REDUCING the barriers to prescribing and dispensing opioid agonist therapy (OAT) to people with opioid dependence disorder will “go a long way to improve care for a lot of people”, say experts.
Historically, the OAT prescriptions methadone and buprenorphine were used to treat heroin addiction. But Australia is now facing a pharmacological opioid crisis, with 56% of unintentional opioid deaths involving pharmaceutical opioids compared with 45% involving heroin.
It is estimated that 26% of patients in general practice who are taking long term opioids are dependent. With increased restrictions around opioid prescribing, there are fears that some will turn to illicit opioids.
According to some experts, an increase of OAT prescribing would help curb this trend; however, it needs to become more normalised among patients, GPs and pharmacies. With only 3422 registered opioid pharmacotherapy prescribers across Australia, despite there being over 125 000 medical professionals and 29 000 GPs, there is a long way to go.
According to authors of a perspective published in the MJA, its association with heroin and the associated stigma is the first barrier to OAT prescribing.

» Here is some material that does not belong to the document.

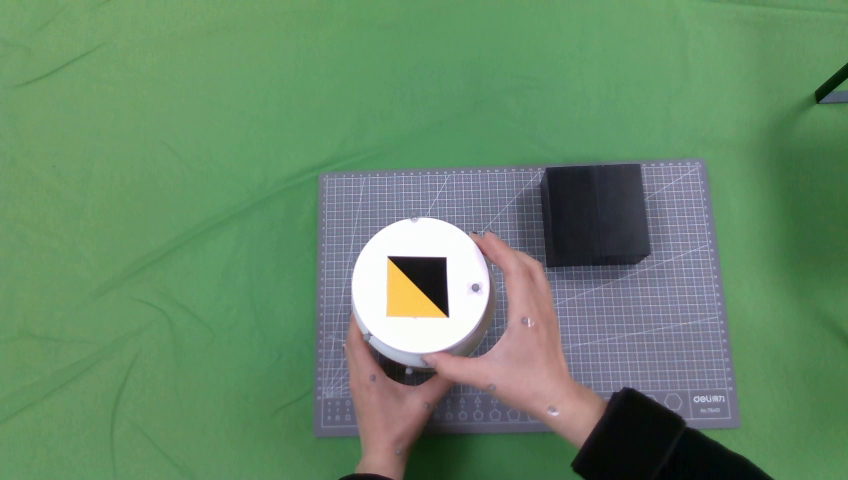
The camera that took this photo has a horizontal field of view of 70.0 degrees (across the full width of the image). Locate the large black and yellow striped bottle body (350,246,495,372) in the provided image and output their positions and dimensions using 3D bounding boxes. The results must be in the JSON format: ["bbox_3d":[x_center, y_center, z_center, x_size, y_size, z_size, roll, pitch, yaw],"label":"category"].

“There’s definitely a stigma around what patients experience themselves and also GPs being unsure and a little frightened about getting involved and what that might mean for their practice,” said Dr Elizabeth Sturgiss, a GP, researcher and co-author of the MJA article, in an exclusive podcast.
“We need to make it more that it’s just something that GPs do.”
Dr Sturgiss and her co-author, Dr Pallavi Prathivadi, believe the first step is to educate doctors earlier in their training.
Dr Hester Wilson, GP and Chair of the Royal Australasian College of GPs’ Special Interest Group into Addiction, agreed that learning about these types of addictions and treatments should be taught from the start of medical education.
“It should be core to what we’re doing in medical school, our post-medical student training, with GP registrars, and in the continuing professional development we do on an ongoing basis,” she said.
“One of the difficulties with behavioural addictions is they belong to everyone and they belong to no one because they present in such different ways.”
Even when doctors want to prescribe OAT medications, the process can be complex. The system is layered in red tape and each state and territory has different rules and regulations. In most places, prescribers need to do specialist training and then need a permit to prescribe. Patients might also need to attend a pharmacy that is registered to dispense OAT medications and they might have to attend daily to receive their medication.
This lengthy approval process sets up OAT prescribing as being “difficult, dangerous and to be avoided”, Prathivadi and Sturgiss wrote.
According to Associate Professor Suzanne Nielsen from the Monash Addiction Research Centre, these rigid systems mean people perceive the prescriptions as being dangerous and difficult to manage.
“Inadvertently, it’s given the idea that they’re really complicated treatments and prescribing them is hard and not for everyone,” she told InSight+.
“If we could normalise them and make treatment accessible, there could be enormous benefit for the individuals who are accessing these treatments,” she said.
Dr Wilson highlighted that there are important reasons the program has this structure. But not everyone needs such a regimented approach and physicians should be able to prescribe a treatment plan based on the risk of the individual. In some states and territories, patients might only have access to the very structured program which might not suit their needs.
“For someone who is experiencing homelessness, has unstable mental health issues, unstable physical health issues, multiple substances that they have issues with, then they do need to be seen daily in a pharmacy to make sure they don’t come to harm. For other people, they may not need that level of oversight,” she said.
According to Associate Professor Nielsen, we are in a situation where it is sometimes easier to prescribe strong opioids such as fentanyl rather than a safer alternative.
“The dilemma we get into with prescription opioid dependence is that we think they might be safer and have more benefits from transitioning to buprenorphine,” she said.
“But because the system is so complex, they’re going to have to go to the pharmacy every day, the prescriber has to apply for a permit. It’s sometimes easier to maintain the status quo which is clinically suboptimal.”
The type of OAT medication also needs to be considered. In the first week or so of treatment there is an increased risk of overdose, particularly with methadone.
According to Associate Professor Nielsen, buprenorphine is a much safer medication which has a lower likelihood of causing respiratory depression.
“When buprenorphine came into Australia, what we did (which in retrospect might not have been the best move) was we just added it to the existing treatment model. We’ve got these checks and balances which are entirely appropriate for methadone but maybe not required for buprenorphine.”
Another barrier to access is the cost. Currently, these prescriptions are not on the Pharmaceutical Benefit Scheme and patients have to pay for the dispensing fee at the pharmacy or for an injection at the GP’s clinic.
“What happens is the cost is put back on the individual,” Dr Wilson said.
“We don’t require them to pay for the cost of dispensing for any other treatment. It would be great to have a federally funded [Medicare Benefits Schedule] item number to allow us to give these injections.”
Ultimately, the situation is complex but Prathivadi and Sturgiss are hopeful.
“We need to share that burden and change the culture and the stories we all tell ourselves about these patients. It could go a long way to improve care for a lot of people,” Dr Sturgiss concluded.